§ YOUR ASSIGNMENT
Which lines in the records below contain the word "object"? Return each of them.

§ Collected data entries
_ _ _ _ _

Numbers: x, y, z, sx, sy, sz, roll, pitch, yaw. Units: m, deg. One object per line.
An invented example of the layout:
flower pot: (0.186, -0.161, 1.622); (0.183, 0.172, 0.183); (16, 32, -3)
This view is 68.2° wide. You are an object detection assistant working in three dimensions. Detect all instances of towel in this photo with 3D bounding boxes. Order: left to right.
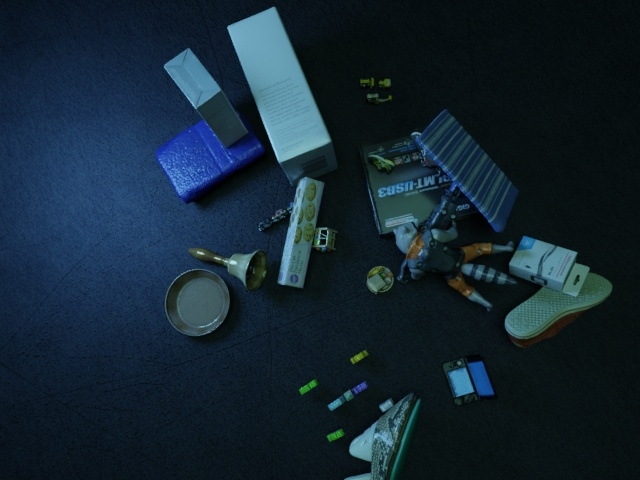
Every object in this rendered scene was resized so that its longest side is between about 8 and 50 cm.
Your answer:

_ _ _ _ _

§ TASK RESPONSE
Numbers: x, y, z, sx, sy, sz, roll, pitch, yaw. Units: m, deg. One object per line.
This view is 68.2° wide. You are an object detection assistant working in three dimensions. Detect all instances of towel in this photo with 3D bounding boxes. Order: left to right.
Every object in this rendered scene was resized so that its longest side is between about 8 and 50 cm.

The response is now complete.